Look below for the lines from the one with "table_cell 33 871 [77, 946, 401, 1008]" to the one with "table_cell [418, 1008, 1087, 1028]", and copy exactly those lines, both ends included.

--- RECORD EXCERPTS ---

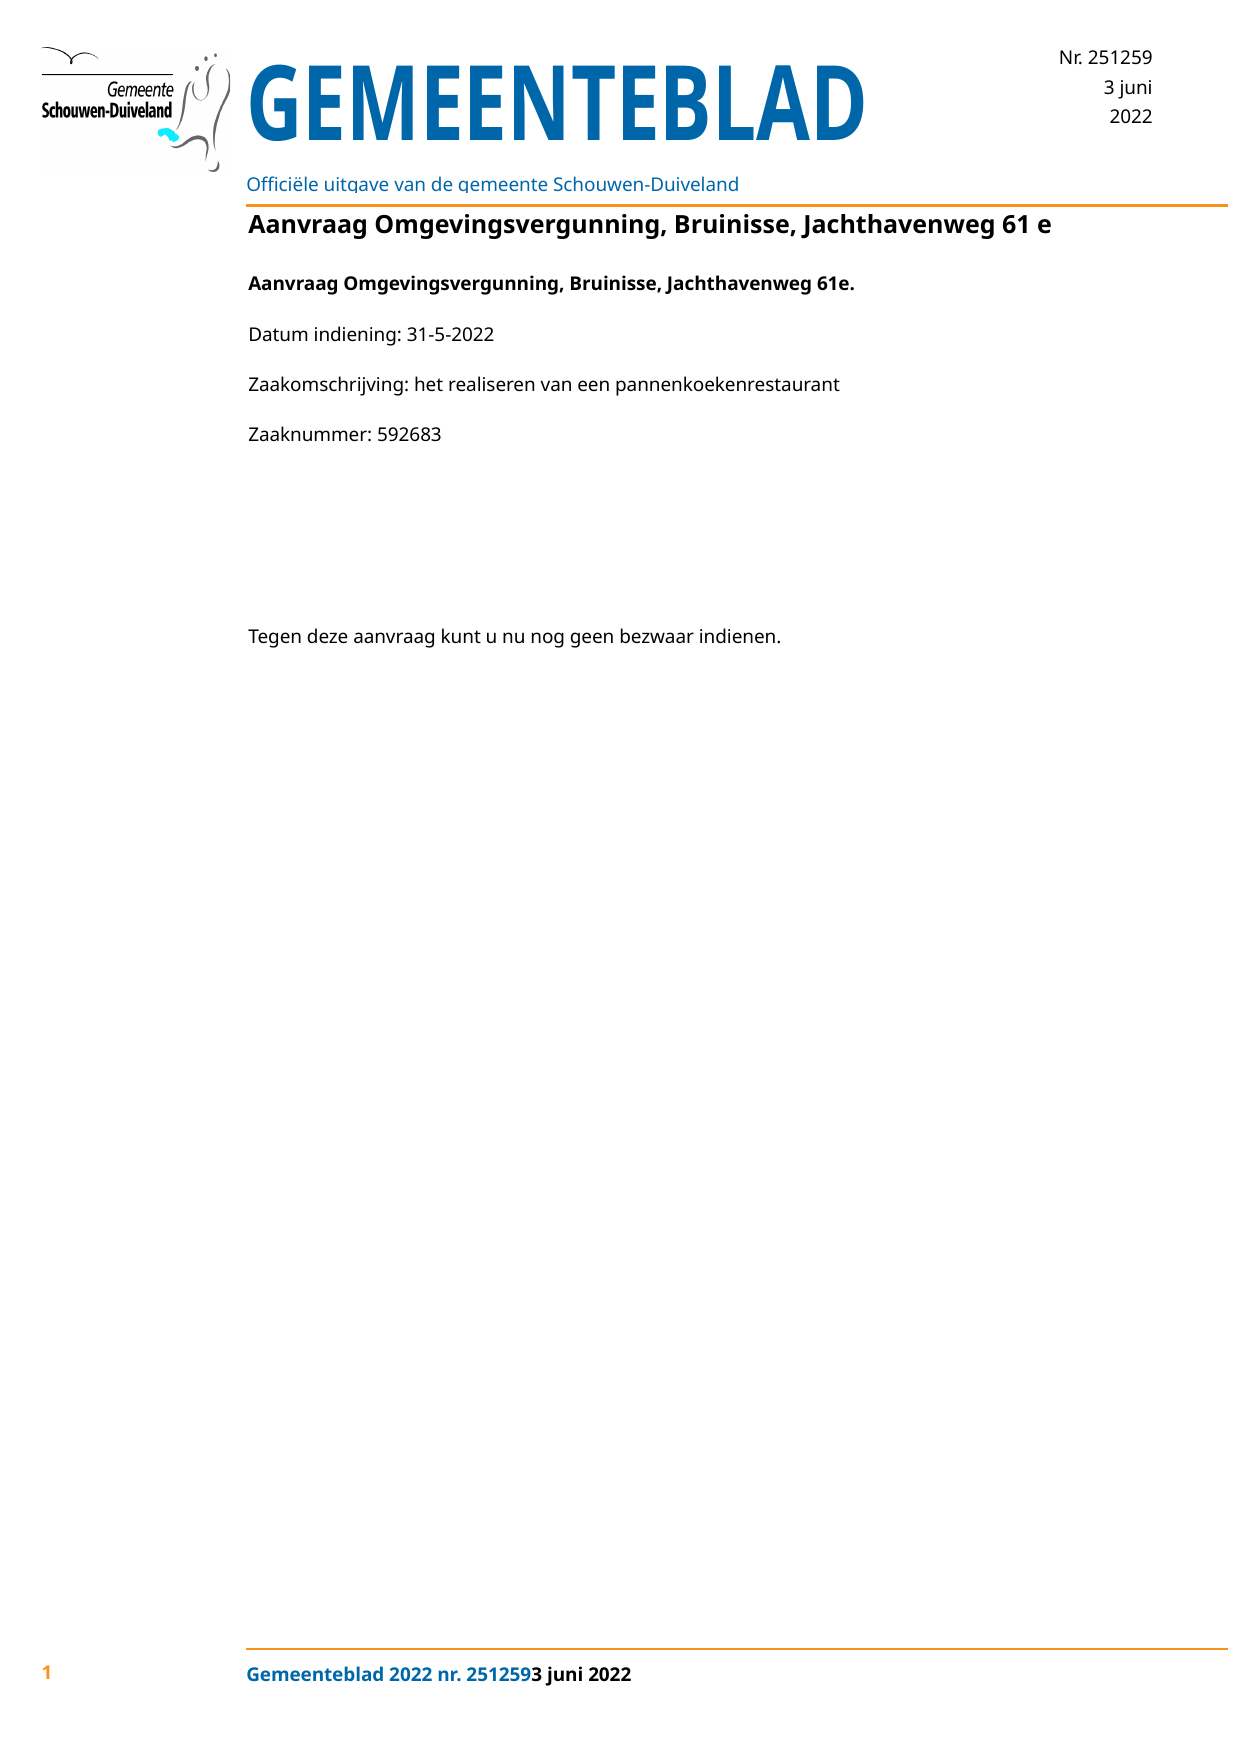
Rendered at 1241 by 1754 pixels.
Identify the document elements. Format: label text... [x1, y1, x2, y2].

text Tegen deze aanvraag kunt u nu nog geen bezwaar indienen. [248, 623, 1152, 649]
text Aanvraag Omgevingsvergunning, Bruinisse, Jachthavenweg 61 e [248, 207, 1152, 241]
text Zaakomschrijving: het realiseren van een pannenkoekenrestaurant [248, 371, 1152, 397]
text Datum indiening: 31-5-2022 [248, 321, 1152, 346]
picture [41, 47, 231, 172]
text Zaaknummer: 592683 [248, 422, 1152, 447]
text Aanvraag Omgevingsvergunning, Bruinisse, Jachthavenweg 61e. [248, 270, 1152, 296]
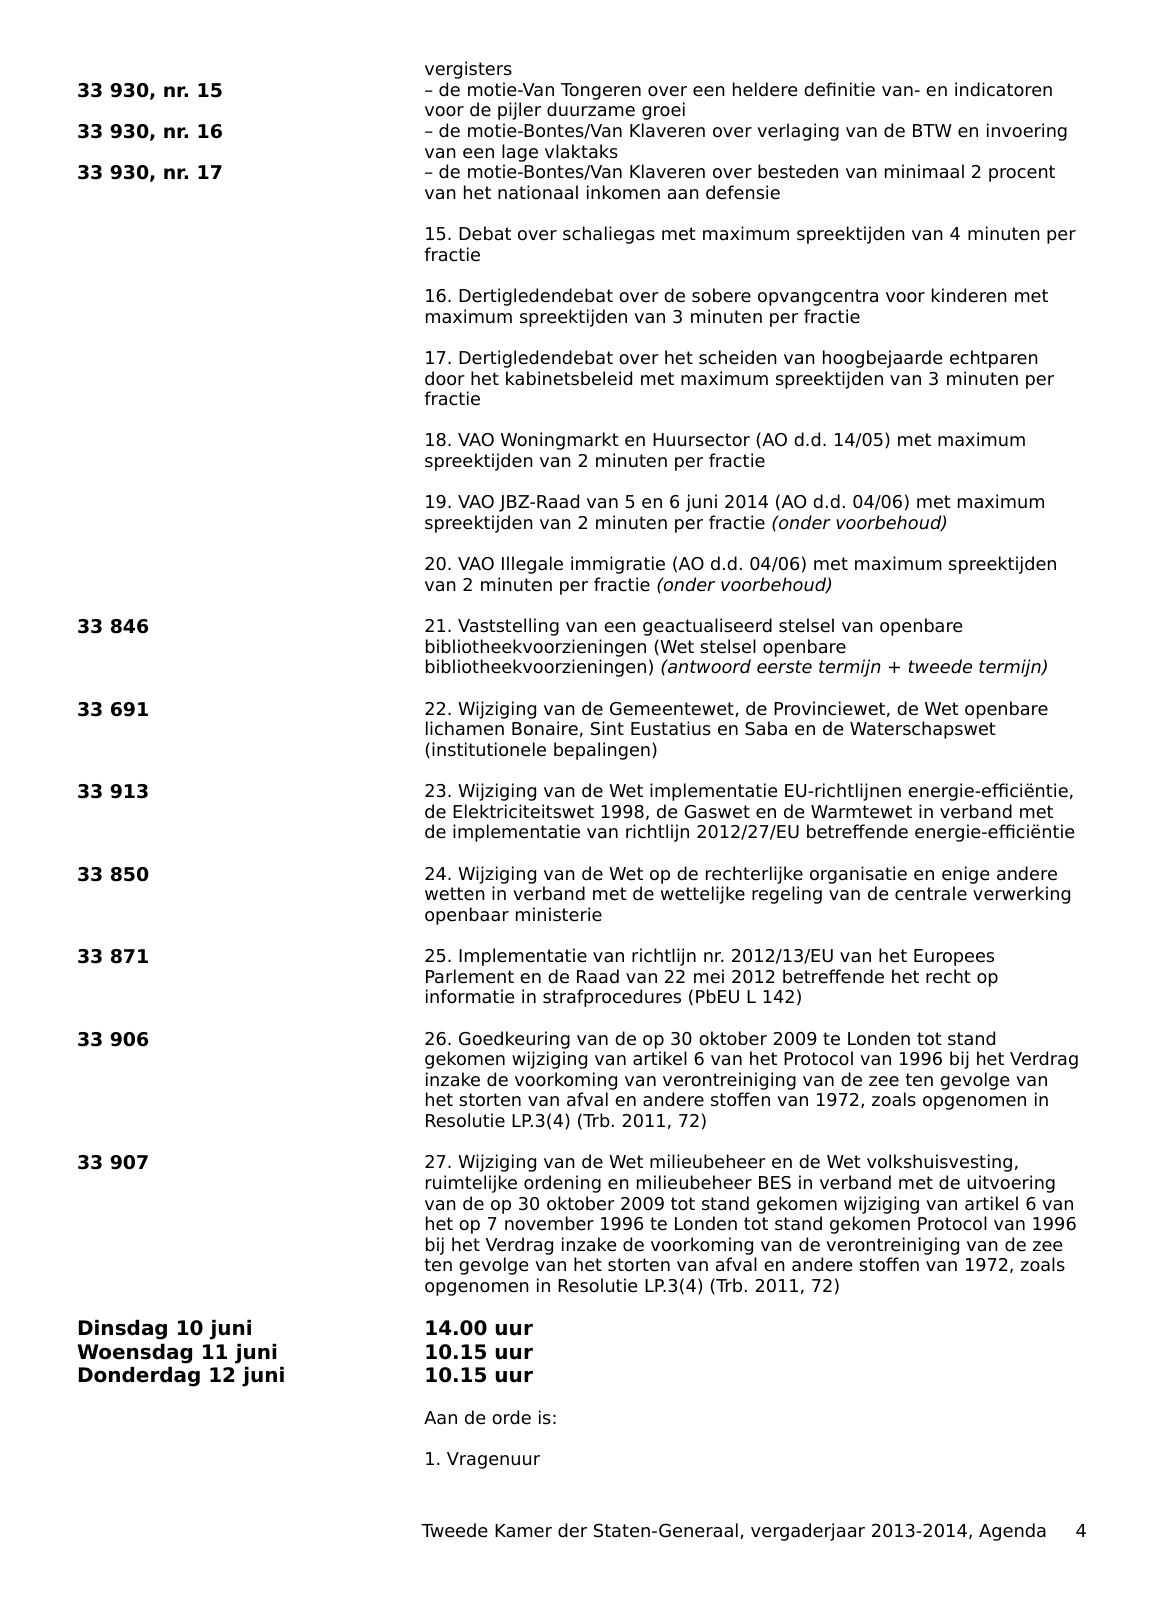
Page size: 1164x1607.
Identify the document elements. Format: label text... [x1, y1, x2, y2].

table_cell [401, 80, 418, 121]
table_cell 33 850 [77, 864, 401, 925]
table_cell [418, 265, 1087, 286]
table_cell [77, 1408, 401, 1428]
table_cell [401, 946, 418, 1008]
table_cell [401, 699, 418, 760]
table_cell [418, 925, 1087, 946]
table_cell 20. VAO Illegale immigratie (AO d.d. 04/06) met maximum spreektijden van 2 minuten per fractie (onder voorbehoud) [418, 554, 1087, 595]
table_cell [77, 410, 401, 430]
table_cell [401, 534, 418, 554]
table_cell [77, 1008, 401, 1028]
table_cell [401, 472, 418, 492]
table_cell [77, 204, 401, 224]
table_cell [418, 1429, 1087, 1449]
table_cell [401, 1132, 418, 1152]
table_cell 33 907 [77, 1152, 401, 1297]
table_cell Donderdag 12 juni [77, 1364, 401, 1387]
table_cell [401, 1364, 418, 1387]
table_cell [401, 1387, 418, 1408]
table_cell [401, 1449, 418, 1470]
table_cell [77, 678, 401, 698]
table_cell 33 906 [77, 1029, 401, 1132]
table_cell [77, 1297, 401, 1317]
table_cell Dinsdag 10 juni [77, 1317, 401, 1341]
table_cell [77, 1132, 401, 1152]
table_cell [77, 327, 401, 348]
table_cell [401, 1429, 418, 1449]
table_cell [401, 554, 418, 595]
table_cell 18. VAO Woningmarkt en Huursector (AO d.d. 14/05) met maximum spreektijden van 2 minuten per fractie [418, 430, 1087, 472]
table_cell 17. Dertigledendebat over het scheiden van hoogbejaarde echtparen door het kabinetsbeleid met maximum spreektijden van 3 minuten per fractie [418, 348, 1087, 410]
table_cell 33 871 [77, 946, 401, 1008]
table_cell Woensdag 11 juni [77, 1341, 401, 1364]
table_cell [401, 925, 418, 946]
table_cell 24. Wijziging van de Wet op de rechterlijke organisatie en enige andere wetten in verband met de wettelijke regeling van de centrale verwerking openbaar ministerie [418, 864, 1087, 925]
table_cell [77, 59, 401, 80]
table_cell [401, 59, 418, 80]
table_cell [77, 286, 401, 327]
table_cell [401, 286, 418, 327]
table_cell [418, 678, 1087, 698]
table_cell [77, 843, 401, 863]
table_cell 16. Dertigledendebat over de sobere opvangcentra voor kinderen met maximum spreektijden van 3 minuten per fractie [418, 286, 1087, 327]
table_cell 33 930, nr. 15 [77, 80, 401, 121]
table_cell [401, 864, 418, 925]
table_cell 27. Wijziging van de Wet milieubeheer en de Wet volkshuisvesting, ruimtelijke ordening en milieubeheer BES in verband met de uitvoering van de op 30 oktober 2009 tot stand gekomen wijziging van artikel 6 van het op 7 november 1996 te Londen tot stand gekomen Protocol van 1996 bij het Verdrag inzake de voorkoming van de verontreiniging van de zee ten gevolge van het storten van afval en andere stoffen van 1972, zoals opgenomen in Resolutie LP.3(4) (Trb. 2011, 72) [418, 1152, 1087, 1297]
table_cell [418, 1008, 1087, 1028]
table_cell – de motie-Bontes/Van Klaveren over besteden van minimaal 2 procent van het nationaal inkomen aan defensie [418, 162, 1087, 203]
table_cell 10.15 uur [418, 1341, 1087, 1364]
table_cell 33 930, nr. 17 [77, 162, 401, 203]
table_cell 22. Wijziging van de Gemeentewet, de Provinciewet, de Wet openbare lichamen Bonaire, Sint Eustatius en Saba en de Waterschapswet (institutionele bepalingen) [418, 699, 1087, 760]
table_cell 19. VAO JBZ-Raad van 5 en 6 juni 2014 (AO d.d. 04/06) met maximum spreektijden van 2 minuten per fractie (onder voorbehoud) [418, 492, 1087, 533]
table_cell vergisters [418, 59, 1087, 80]
table_cell [401, 327, 418, 348]
table_cell [418, 204, 1087, 224]
table_cell [401, 1152, 418, 1297]
table_cell [77, 472, 401, 492]
table_cell – de motie-Bontes/Van Klaveren over verlaging van de BTW en invoering van een lage vlaktaks [418, 121, 1087, 162]
table_cell [401, 678, 418, 698]
table_cell [77, 1387, 401, 1408]
table_cell [418, 1297, 1087, 1317]
table_cell [401, 843, 418, 863]
table_cell [418, 760, 1087, 781]
table_cell [418, 327, 1087, 348]
table_cell [77, 224, 401, 265]
table_cell [401, 760, 418, 781]
table_cell [401, 1317, 418, 1341]
table_cell [401, 492, 418, 533]
table_cell [401, 121, 418, 162]
table_cell [418, 843, 1087, 863]
table_cell 1. Vragenuur [418, 1449, 1087, 1470]
table_cell 15. Debat over schaliegas met maximum spreektijden van 4 minuten per fractie [418, 224, 1087, 265]
table_cell [77, 534, 401, 554]
table_cell [418, 1132, 1087, 1152]
table_cell [418, 472, 1087, 492]
table_cell 21. Vaststelling van een geactualiseerd stelsel van openbare bibliotheekvoorzieningen (Wet stelsel openbare bibliotheekvoorzieningen) (antwoord eerste termijn + tweede termijn) [418, 616, 1087, 678]
table_cell [401, 204, 418, 224]
table_cell 26. Goedkeuring van de op 30 oktober 2009 te Londen tot stand gekomen wijziging van artikel 6 van het Protocol van 1996 bij het Verdrag inzake de voorkoming van verontreiniging van de zee ten gevolge van het storten van afval en andere stoffen van 1972, zoals opgenomen in Resolutie LP.3(4) (Trb. 2011, 72) [418, 1029, 1087, 1132]
table_cell [77, 1449, 401, 1470]
table_cell [401, 265, 418, 286]
table_cell 10.15 uur [418, 1364, 1087, 1387]
table_cell [401, 781, 418, 843]
table_cell Aan de orde is: [418, 1408, 1087, 1428]
table_cell [77, 265, 401, 286]
table_cell [418, 410, 1087, 430]
table_cell [401, 1297, 418, 1317]
table_cell [401, 410, 418, 430]
table_cell 33 691 [77, 699, 401, 760]
table_cell [401, 1341, 418, 1364]
table_cell [401, 1029, 418, 1132]
table_cell [418, 1387, 1087, 1408]
table_cell [401, 224, 418, 265]
table_cell [418, 534, 1087, 554]
table_cell [77, 925, 401, 946]
table_cell [401, 616, 418, 678]
table_cell [401, 1008, 418, 1028]
table_cell 23. Wijziging van de Wet implementatie EU-richtlijnen energie-efficiëntie, de Elektriciteitswet 1998, de Gaswet en de Warmtewet in verband met de implementatie van richtlijn 2012/27/EU betreffende energie-efficiëntie [418, 781, 1087, 843]
table_cell 33 930, nr. 16 [77, 121, 401, 162]
table_cell [77, 595, 401, 616]
table_cell [401, 348, 418, 410]
table_cell [401, 595, 418, 616]
table_cell 33 913 [77, 781, 401, 843]
table_cell 33 846 [77, 616, 401, 678]
table_cell [77, 492, 401, 533]
table_cell 25. Implementatie van richtlijn nr. 2012/13/EU van het Europees Parlement en de Raad van 22 mei 2012 betreffende het recht op informatie in strafprocedures (PbEU L 142) [418, 946, 1087, 1008]
table_cell [418, 595, 1087, 616]
table_cell [401, 1408, 418, 1428]
table_cell [401, 430, 418, 472]
table_cell – de motie-Van Tongeren over een heldere definitie van- en indicatoren voor de pijler duurzame groei [418, 80, 1087, 121]
table_cell [401, 162, 418, 203]
table_cell [77, 1429, 401, 1449]
table_cell [77, 348, 401, 410]
table_cell [77, 760, 401, 781]
table_cell [77, 554, 401, 595]
table_cell 14.00 uur [418, 1317, 1087, 1341]
table_cell [77, 430, 401, 472]

---

*TASK RESULT*
table_cell 33 871 [77, 946, 401, 1008]
table_cell Woensdag 11 juni [77, 1341, 401, 1364]
table_cell [401, 925, 418, 946]
table_cell 24. Wijziging van de Wet op de rechterlijke organisatie en enige andere wetten in verband met de wettelijke regeling van de centrale verwerking openbaar ministerie [418, 864, 1087, 925]
table_cell [77, 59, 401, 80]
table_cell [401, 59, 418, 80]
table_cell [77, 286, 401, 327]
table_cell [401, 286, 418, 327]
table_cell [418, 678, 1087, 698]
table_cell [77, 843, 401, 863]
table_cell 16. Dertigledendebat over de sobere opvangcentra voor kinderen met maximum spreektijden van 3 minuten per fractie [418, 286, 1087, 327]
table_cell 33 930, nr. 15 [77, 80, 401, 121]
table_cell [401, 864, 418, 925]
table_cell 27. Wijziging van de Wet milieubeheer en de Wet volkshuisvesting, ruimtelijke ordening en milieubeheer BES in verband met de uitvoering van de op 30 oktober 2009 tot stand gekomen wijziging van artikel 6 van het op 7 november 1996 te Londen tot stand gekomen Protocol van 1996 bij het Verdrag inzake de voorkoming van de verontreiniging van de zee ten gevolge van het storten van afval en andere stoffen van 1972, zoals opgenomen in Resolutie LP.3(4) (Trb. 2011, 72) [418, 1152, 1087, 1297]
table_cell [418, 1008, 1087, 1028]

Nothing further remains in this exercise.